The absence of Voting Rights Act protections prompted NCTE to update its guide to “Voting While Trans,” including a checklist of actions that trans voters should consider before and during Election Day. NCTE advises trans voters to first check their voter registration status or register to vote, ensure their name and address is up to date, and determine what, if any, identification their state requires.

“We want to make sure that our voters are privy to the information they need to walk into the polls,” Arli Christian, NCTE’s state policy council, told Rewire in a phone interview.

“Keep in mind that these strict voter ID laws, none of them say, ‘transgender people cannot vote,’” she said. “The impact on transgender people is heavier … because it is harder to get an updated ID. Photo ID requirements are burdensome for everybody, and they are particularly burdensome for transgender [people].”

Some of the states with the most restrictive voter ID laws, she continued, make a bad situation worse by maintaining a burdensome process to update gender markers on driver’s licenses and other forms of state government-issued identification.

For example, Georgia, Mississippi, and Tennessee, which have strict photo ID laws according to the National Conference of State Legislatures’ standards, earned grades of “D” or “F” from NCTE for lacking trans-friendly driver’s license policies.

“Georgia, Mississippi, and Tennessee all require voters to show photo identification to cast their ballot,” Christian said in an email. “And yet they have some of the most burdensome policies (or no policy at all) for updating the gender marker on state-issued photo identification, leaving trans voters in those states with few options for showing up at the polls with accurate identification.”

Trans Voting Concerns Remain

Texas’ “F” grade from NCTE did not stop the state from pursuing onerous restrictions, petitioning the Supreme Court in September to reinstate its broader voter ID law. A federal court previously found that the law disproportionately burdens Black and Latinx voters and violates the Voting Rights Act.

Beckham said she’s “anticipating discrimination” when she votes in Texas.

“Luckily, I am very passable. Most people don’t know [I’m transgender] unless I tell them. And they really don’t know until they see my driver’s license, and that’s when everything starts,” she said. “My main concern is having to show my driver’s license and then looking completely different than the person on the license.”

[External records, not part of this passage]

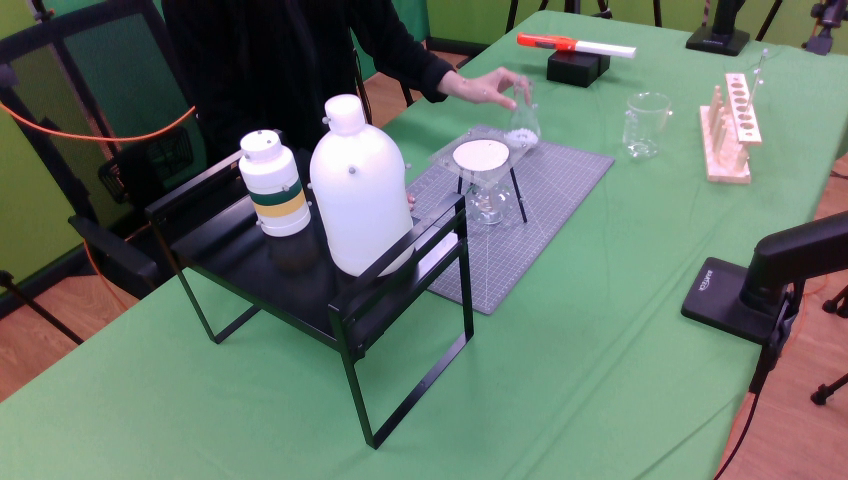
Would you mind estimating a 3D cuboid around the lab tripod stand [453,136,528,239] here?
[{"bbox_3d":[0.094,-0.086,0.974,0.148,0.132,0.147,-4,43,4],"label":"lab tripod stand"}]

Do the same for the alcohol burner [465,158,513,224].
[{"bbox_3d":[0.105,-0.085,0.987,0.078,0.119,0.077,-5,43,5],"label":"alcohol burner"}]

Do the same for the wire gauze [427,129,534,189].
[{"bbox_3d":[0.086,-0.131,0.923,0.124,0.011,0.122,26,52,33],"label":"wire gauze"}]

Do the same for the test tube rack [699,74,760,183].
[{"bbox_3d":[0.547,-0.208,1.095,0.066,0.085,0.242,6,42,16],"label":"test tube rack"}]

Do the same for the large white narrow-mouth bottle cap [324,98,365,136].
[{"bbox_3d":[-0.076,-0.120,0.586,0.038,0.024,0.037,-3,42,3],"label":"large white narrow-mouth bottle cap"}]

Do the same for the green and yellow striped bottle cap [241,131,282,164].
[{"bbox_3d":[-0.187,-0.107,0.695,0.045,0.020,0.045,-3,39,3],"label":"green and yellow striped bottle cap"}]

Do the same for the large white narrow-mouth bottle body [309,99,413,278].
[{"bbox_3d":[-0.068,-0.057,0.645,0.102,0.195,0.101,-3,42,4],"label":"large white narrow-mouth bottle body"}]

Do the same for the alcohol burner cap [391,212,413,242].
[{"bbox_3d":[-0.038,-0.023,0.989,0.034,0.048,0.033,-5,40,4],"label":"alcohol burner cap"}]

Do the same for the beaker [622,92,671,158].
[{"bbox_3d":[0.402,-0.209,1.106,0.074,0.101,0.083,-9,40,-2],"label":"beaker"}]

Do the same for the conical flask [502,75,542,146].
[{"bbox_3d":[0.183,-0.241,1.117,0.075,0.122,0.075,-3,42,3],"label":"conical flask"}]

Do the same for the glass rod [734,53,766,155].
[{"bbox_3d":[0.540,-0.220,1.006,0.008,0.201,0.008,-5,45,6],"label":"glass rod"}]

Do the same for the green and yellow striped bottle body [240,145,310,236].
[{"bbox_3d":[-0.181,-0.068,0.729,0.063,0.120,0.063,-4,40,4],"label":"green and yellow striped bottle body"}]

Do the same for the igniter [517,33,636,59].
[{"bbox_3d":[0.336,-0.441,1.369,0.275,0.025,0.057,17,41,24],"label":"igniter"}]

Despite similar concerns, discrimination at the polls did not materialize for Jessica Soukup during early voting last week . The 50-year-old transgender woman credited her positive voting experience, her first while openly presenting as a woman, to Texas’ weakened voter ID restrictions.

“I really think that that made a difference for me,” Soukup told Rewire in a phone interview.

Where she voted also helped, she said. Soukup cast her ballot at Texas State University in San Marcos, where she works as a systems analyst, rather than in her conservative suburban community.

For NCTE, stories like Beckham’s and Soukup’s underscore what policies need to change for trans voters.

“We think that restrictive voter ID laws should be removed. We should make it easier for all folks to get to vote,” NCTE’s Christian said. “At the same time, we also want to remove burdens to updating gender marker[s] on IDs, so that everyone can have access to accurate identification.”